Targeted therapeutics such as antibody-drug conjugates have made a significant impact in cancer therapies, reaching over $1B in global sales in 2016. Still, poor tumor penetration limits broad application of antibody- drug conjugates in cancer therapy. Peptide-drug conjugates (PDCs) are an attractive and promising alternative to antibody-drug conjugates for treating solid tumors with their smaller size and more cost- effective production. In vivo panning of bacteriophage peptide libraries has yielded several peptide ligands that are now in clinical trials. However, due to the relatively large size of bacteriophage (length of 880 nm for M13), the peptide ligands discovered from this approach primarily target receptors expressed on endothelial cells. The overall goal of this project is to develop a new platform for in vivo peptide screening based on synthetic nucleocapsids. Synthetic nucleocapids are engineered proteins that self-assemble into icosahedral cage-like structures containing their own genome with diameters ~ 25 nm. We recently developed this technology and demonstrated via in vivo evolution a structure that has serum stability and extended circulation half-life in mice. We therefore hypothesize that synthetic nucleocapsids are an ideal platform for peptide display and in vivo selection.

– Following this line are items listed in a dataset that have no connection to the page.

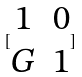<formula> <loc_0><loc_0><loc_500><loc_500>[ \begin{matrix} 1 & 0 \\ G & 1 \end{matrix} ]</formula> 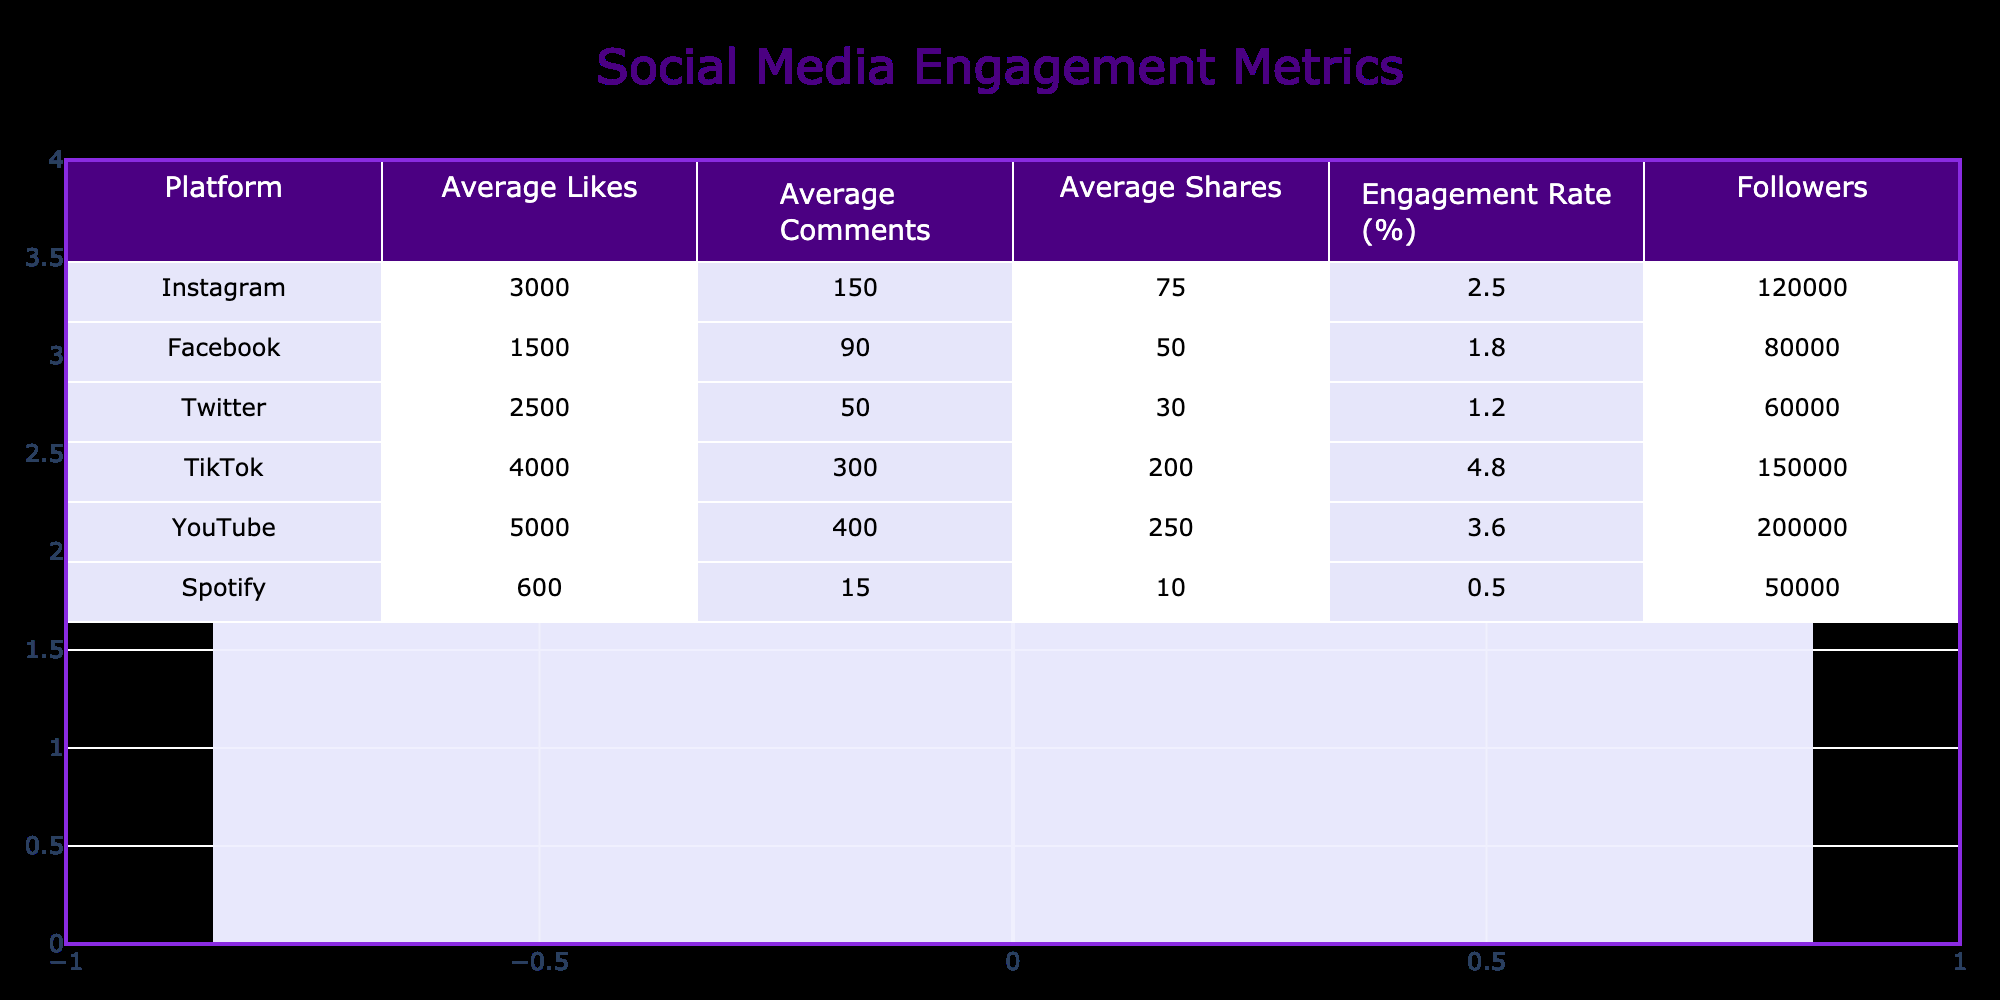What is the average number of likes across all platforms? To find the average number of likes, we sum all the average likes from the different platforms: 3000 (Instagram) + 1500 (Facebook) + 2500 (Twitter) + 4000 (TikTok) + 5000 (YouTube) + 600 (Spotify) = 19500. There are 6 platforms, so we divide the total by 6: 19500 / 6 = 3250.
Answer: 3250 Which platform has the highest engagement rate? The engagement rates for each platform are 2.5% (Instagram), 1.8% (Facebook), 1.2% (Twitter), 4.8% (TikTok), 3.6% (YouTube), and 0.5% (Spotify). The highest rate is 4.8%, which belongs to TikTok.
Answer: TikTok How many shares does YouTube average compared to Instagram? YouTube averages 250 shares and Instagram averages 75 shares. To find the difference: 250 - 75 = 175, thus YouTube averages 175 more shares than Instagram.
Answer: 175 Is TikTok's average number of comments higher than Instagram's? TikTok has an average of 300 comments and Instagram has 150 comments. Since 300 is greater than 150, TikTok's average comments are indeed higher than Instagram's.
Answer: Yes What is the total number of followers across all platforms? We add the number of followers for each platform: 120000 (Instagram) + 80000 (Facebook) + 60000 (Twitter) + 150000 (TikTok) + 200000 (YouTube) + 50000 (Spotify) = 600000.
Answer: 600000 Which platform has the lowest average likes? The average likes for Spotify are 600, which is less than Instagram (3000), Facebook (1500), Twitter (2500), TikTok (4000), and YouTube (5000). Therefore, Spotify has the lowest average likes.
Answer: Spotify What is the difference in average comments between YouTube and TikTok? YouTube averages 400 comments and TikTok averages 300 comments. To find the difference: 400 - 300 = 100, so YouTube averages 100 more comments than TikTok.
Answer: 100 Is the engagement rate for Spotify lower than that for Facebook? The engagement rates are 0.5% for Spotify and 1.8% for Facebook. Since 0.5% is less than 1.8%, Spotify's engagement rate is indeed lower than Facebook's.
Answer: Yes What percentage of average likes does Twitter have in comparison to TikTok? Twitter averages 2500 likes and TikTok averages 4000 likes. To find the percentage: (2500 / 4000) * 100 = 62.5%. Thus, Twitter has 62.5% of TikTok's average likes.
Answer: 62.5%

The specific aims of this proposal are to optimize peptide display on the nucleocapsids, to build and characterize peptide libraries using nucleocapsids, and to determine the biodistribution, circulation and tumor penetration of nucleocapsids and nucleocapsid libraries. Successful completion of this project will lead to a new peptide discovery tool for the community that is easily transferrable and adaptable with particular advantages for in vivo use.
With advances in peptide engineering and large-scale peptide synthesis, peptide targeting ligands can rival antibodies in specificity and affinity while providing attractive tissue penetration and cost benefits. The main goal of this proposal is to develop a new platform for in vivo identification of novel peptide targeting ligands. We expect that this technology will enable the discovery of novel bioactive peptides that target tumor cells or tumor-associated cells.